Deu certo, segundo o relato de Andrew Cockburn para a "National Geographic": "Como plantas desabrochando depois de um incêndio na mata, os somalis deram um jeito de sobreviver e construir por conta própria, em certos aspectos com mais êxito do que países em desenvolvimento que estão na fila da ajuda e da assistência internacional". Ou seja, desde que há sete anos deixou de ter qualquer forma aparente de governo, a Somália continuou devastada por todas pragas, menos as que o governo mandava.

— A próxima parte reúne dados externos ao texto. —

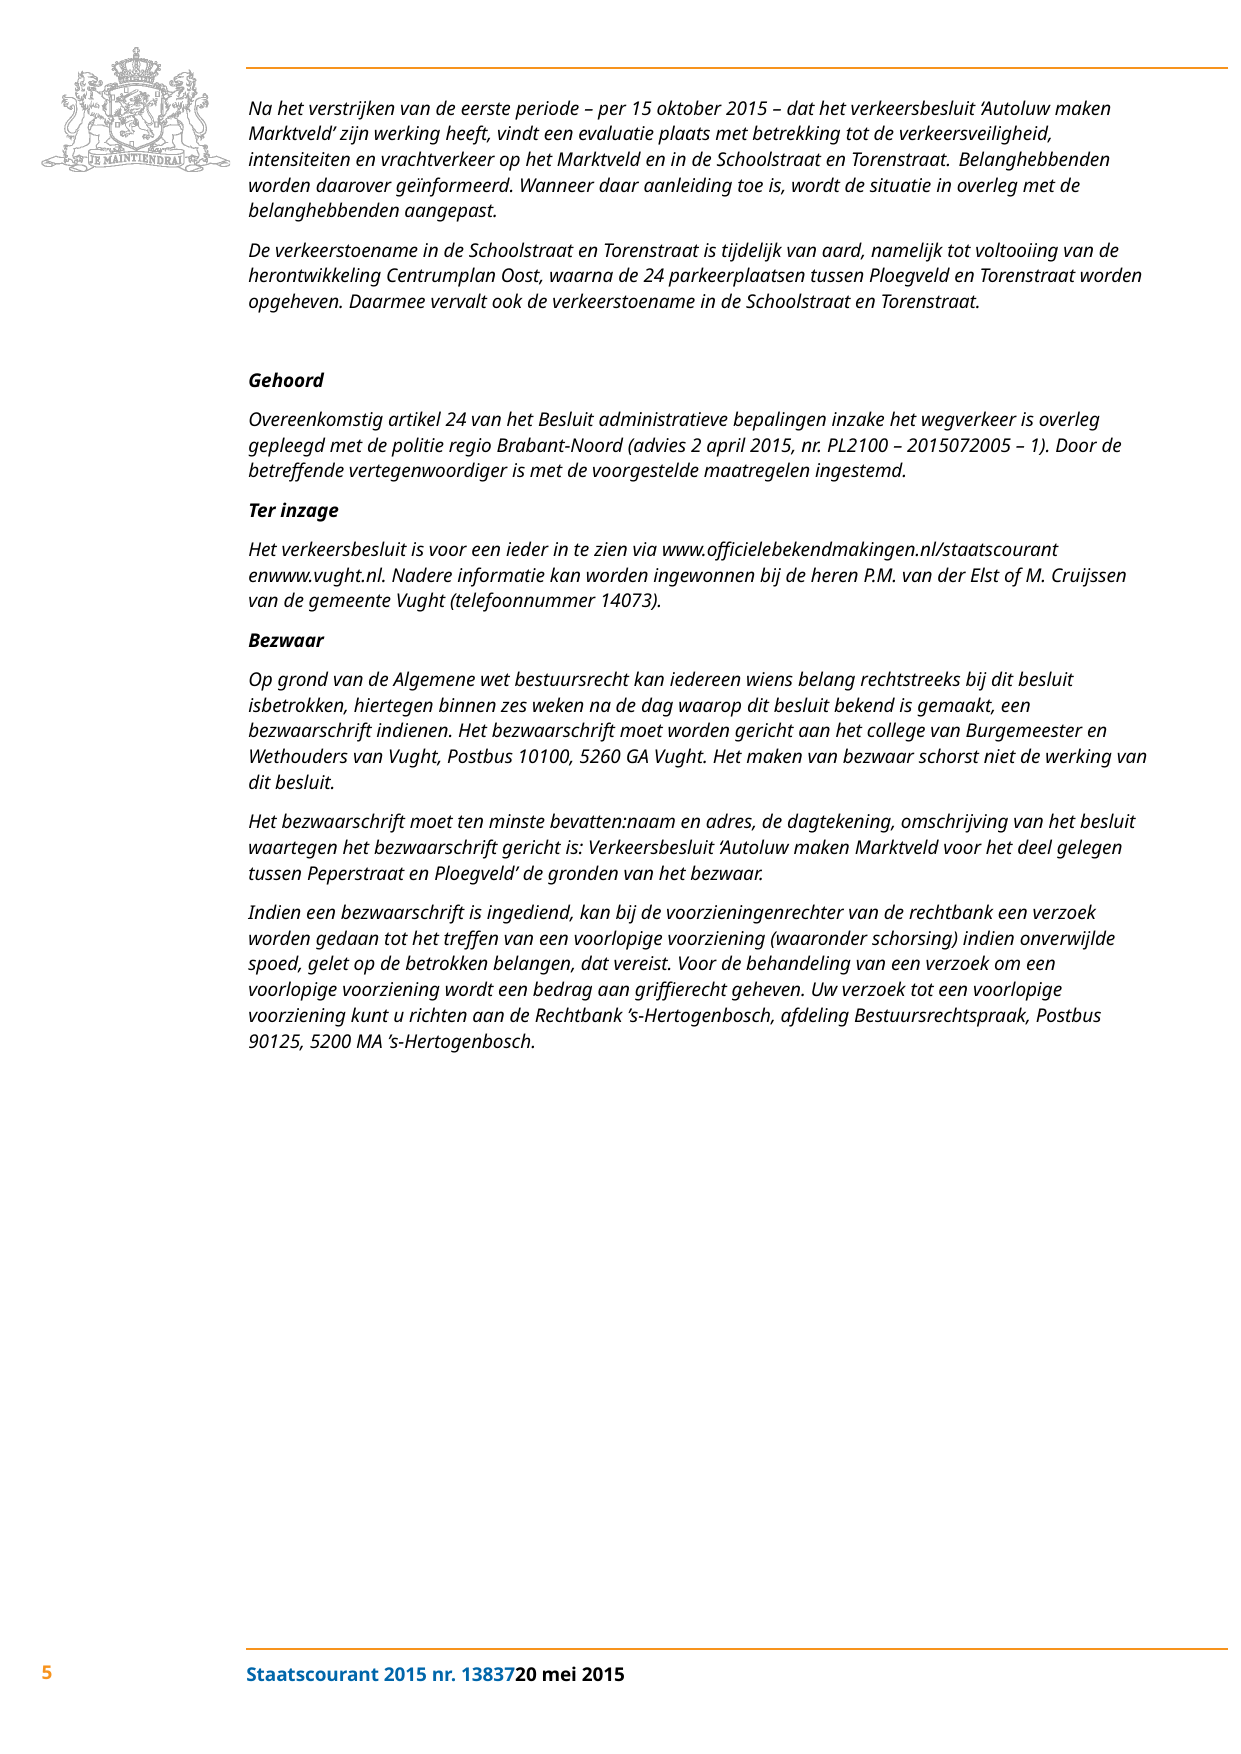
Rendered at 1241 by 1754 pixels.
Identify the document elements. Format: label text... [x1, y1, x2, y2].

Isso quer dizer, segundo a reportagem, que em Hargeysa, originalmente um campo de refugiados da Somalilândia, uma família nativa conseguiu levar água encanada a todos os moradores. Investiu no fornecimento uma ninharia e ganha com a exploração 20 dólares por semana. Voando mais alto, o empresário Abdirizak Ido bancou a Nationlink, uma das vinte empresas telefônicas da Somália, todas funcionando num sistema informal mais competitivo.Com Ido, em Mogadíscio uma linha telefônica chega à casa do freguês no máximo oito horas depois da inscrição e custa 10 dólares por mês. Celular é ligado na hora. As chamadas locais são gratuitas. As tarifas para ligações internacionais começam em 60 centavos de dólar por minuto, mesmo quando saiam de lugarejos no meio do deserto, onde o telefone passa por rádios de ondas curtas. Foi difícil? "Passamos por momentos de aperto", responde Ido,"mas era pior quando tínhamos um governo. Quando não há governo, existe oportunidade". E os processos de privatização dispensam propina, ele poderia acrescentar.
Com os serviços telefônicos à frente, diz a revista, "outros negócios estão florescendo em Mogadíscio e outros lugares. Gaalkacyo, um povoado no deserto central, tem luzes de rua, graças a Abdirizak Osman, um empresário local" que, de quebra, fornece eletricidade de graça para o único hospital da cidade. Abdul Dini, um sócio de Ido, abriu uma fábrica de espaguete, outra de plástico, uma engarrafadora de água mineral e uma panificadora. E há duas estações de TV a cabo disputando atualmente a audiência de Mogadíscio com uma programação que inclui cópias piratas de produções americanas poucas semanas depois do lançamento nos Estados Unidos.
Mas milagrosa mesma é a rede internacional para remessa de dinheiro, ligando à terra natal mais de um milhão de emigrantes somalianos por uma teia de relações pessoais, tribais ou familiares. Por ela, qualquer quantia que um somali entregue a seu cambista de confiança no interior dos Estados Unidos chega em menos 24 horas ao bolso do destinatário no meio do deserto.Mais de 700 milhões de dólares entram por ano no país sem que a banca internacional veja a cor dessa notas. E é esse dinheiro que mantém o fôlego do país.
Depois de tantos anos de esquecimento, ainda há na Somália quem tenha saudades de um governo mais ou menos organizado, o que dificilmente acontecerá sem intervenção estrangeira. Mas o repórter da "National Geographic" saiu de lá convencido de que, pela história recente, os "somalis se viram melhor se forem deixados por sua própria conta". O que é um consolo e uma esperança para os eleitores do Rio de Janeiro, numa campanha eleitoral em que o elenco de candidaturas parece escolhido a dedo para consolidar nas urnas a decadência política do estado. Se viver entre bandos armados e governos desfeitos não é o fim do mundo, como nos ensina a Somália, é provável que nada seja o fim do mundo.